North American Species of Crepidotus

Classification


CREPIDOTUS (Fries) Staude

Die Schwämme Mitteldeutschlands, p. 71. 1857

Agaricus Tribus Crepidotus Fr., Syst. Mycol. 1: 272. 1821.
Dochmiopus Pat., Hymen. Eur., p. 113. 1887.
Derminus Schröter, apud Cohn, Krypt.-FI. Schlesien, Pilze 1: 578. 1889.
Tremellopsis Pat. apud Duss, Fl. Krypt. Ant. Fr., p. 223. 1904.
Conchomyces Van Overeem, Bull. Jard. Bot.
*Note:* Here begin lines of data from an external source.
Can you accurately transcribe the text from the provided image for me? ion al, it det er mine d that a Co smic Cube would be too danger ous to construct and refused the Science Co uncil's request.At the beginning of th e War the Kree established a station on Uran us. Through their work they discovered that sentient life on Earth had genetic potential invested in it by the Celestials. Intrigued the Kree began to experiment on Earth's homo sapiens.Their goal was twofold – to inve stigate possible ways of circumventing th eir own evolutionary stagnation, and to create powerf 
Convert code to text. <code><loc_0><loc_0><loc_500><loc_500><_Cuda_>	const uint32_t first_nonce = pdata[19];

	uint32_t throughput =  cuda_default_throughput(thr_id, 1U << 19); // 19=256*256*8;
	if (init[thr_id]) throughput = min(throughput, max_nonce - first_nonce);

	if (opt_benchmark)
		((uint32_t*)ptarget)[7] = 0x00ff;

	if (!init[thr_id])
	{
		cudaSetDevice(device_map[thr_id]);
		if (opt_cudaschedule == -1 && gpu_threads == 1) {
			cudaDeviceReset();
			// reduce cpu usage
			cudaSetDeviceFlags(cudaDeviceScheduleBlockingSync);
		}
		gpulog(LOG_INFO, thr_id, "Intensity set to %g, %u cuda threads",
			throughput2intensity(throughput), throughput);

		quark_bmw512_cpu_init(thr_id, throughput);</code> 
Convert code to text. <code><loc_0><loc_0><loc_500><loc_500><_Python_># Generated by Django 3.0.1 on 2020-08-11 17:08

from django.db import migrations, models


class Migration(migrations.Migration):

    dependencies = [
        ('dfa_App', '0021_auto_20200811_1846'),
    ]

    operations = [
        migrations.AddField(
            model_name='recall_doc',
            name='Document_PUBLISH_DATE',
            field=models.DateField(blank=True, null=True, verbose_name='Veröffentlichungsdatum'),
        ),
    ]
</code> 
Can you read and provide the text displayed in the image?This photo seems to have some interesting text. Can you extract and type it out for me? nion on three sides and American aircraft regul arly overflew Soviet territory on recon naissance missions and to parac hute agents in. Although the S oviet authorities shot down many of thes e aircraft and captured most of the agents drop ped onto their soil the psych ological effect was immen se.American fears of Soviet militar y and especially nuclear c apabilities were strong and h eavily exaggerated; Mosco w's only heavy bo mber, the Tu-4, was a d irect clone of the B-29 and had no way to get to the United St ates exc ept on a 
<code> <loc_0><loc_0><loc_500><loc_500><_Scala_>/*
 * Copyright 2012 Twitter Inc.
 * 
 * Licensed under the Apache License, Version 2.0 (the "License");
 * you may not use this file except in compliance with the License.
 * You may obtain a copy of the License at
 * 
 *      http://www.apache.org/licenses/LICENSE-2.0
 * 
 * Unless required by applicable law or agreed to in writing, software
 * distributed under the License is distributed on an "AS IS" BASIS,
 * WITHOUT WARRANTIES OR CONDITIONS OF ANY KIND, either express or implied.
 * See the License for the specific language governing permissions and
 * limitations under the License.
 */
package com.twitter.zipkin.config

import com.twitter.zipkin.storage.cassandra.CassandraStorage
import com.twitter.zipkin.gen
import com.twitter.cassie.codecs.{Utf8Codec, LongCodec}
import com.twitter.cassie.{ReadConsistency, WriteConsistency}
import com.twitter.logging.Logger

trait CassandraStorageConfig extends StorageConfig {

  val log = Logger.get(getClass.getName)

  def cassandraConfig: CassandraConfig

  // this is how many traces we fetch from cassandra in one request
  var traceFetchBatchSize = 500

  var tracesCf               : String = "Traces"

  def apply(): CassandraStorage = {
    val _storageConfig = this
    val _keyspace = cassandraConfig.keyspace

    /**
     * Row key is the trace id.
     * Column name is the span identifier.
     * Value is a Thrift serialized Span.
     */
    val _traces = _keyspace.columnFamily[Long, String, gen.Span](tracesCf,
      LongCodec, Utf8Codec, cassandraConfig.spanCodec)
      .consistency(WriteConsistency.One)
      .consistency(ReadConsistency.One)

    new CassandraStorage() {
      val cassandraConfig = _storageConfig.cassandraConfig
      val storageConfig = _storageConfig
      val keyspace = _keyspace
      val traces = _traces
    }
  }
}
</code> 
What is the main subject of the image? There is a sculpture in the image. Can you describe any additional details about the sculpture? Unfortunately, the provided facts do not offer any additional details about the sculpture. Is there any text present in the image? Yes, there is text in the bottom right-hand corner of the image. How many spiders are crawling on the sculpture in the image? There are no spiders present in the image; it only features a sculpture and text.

Buitenzorg 9: 19. 1927.

TYPE SPECIES: C. mollis (Fr.) Staude.

Characters

Carpophores usually lignicolous, rarely on soil; white or colored, fibrillose, villose, or glabrous; lamellae usually radiating from a lateral attachment point; spores in deposit brown, "clay color," or yellowish, more rarely pale ocher buff, or with a pinkish tint; spore wall single and thin, or double and thick, smooth, or rough, the roughness consisting of either: (1) very short rods extending from the endosporium through the exosporium and in surface view appearing punctate, or echinulate when the rods are longer, or (2) wrinkling of the exosporium, often appearing as minute warts, globose, subglobose, ellipsoid, fusoid, or ovoid, without a germ-pore, at times with an indistinct callus; cheilocystidia (with rare exceptions) present, and often versiform, pleurocystidia and pileocystidia present in some species; basidia usual, 2-4-spored; gill trama subparallel, or at times interwoven; pileus trama interwoven; cuticle variable (but constant for the species): slightly or not at all differentiated, or more often sharply differentiated and then of repent hyphae, without erect, epicuticular hyphae in strictly glabrous species, or more often bearing scattered to numerous, somewhat erect hyphae giving to the surface a condition which, according to the quality of the ornamentation, is called villose, pubescent, fibrillose, tomentose, or scaly, these hyphae colorless (in most instances), or colored (in some species) and in a lesser number of species the hyphae with ring-like incrustation; clamp connections absent, or more often present on the hyphae of the cuticle or epicutis (also, at times observed on the hyphae of the gill trama, the pileus trama, or at the base of basidia); stipe short and lateral or eccentric, or entirely lacking, or present only as a pseudostipe (a small, often inconspicuous structure, visible on the lower side) which is present in youth, disappearing on carpophore maturation; veil none.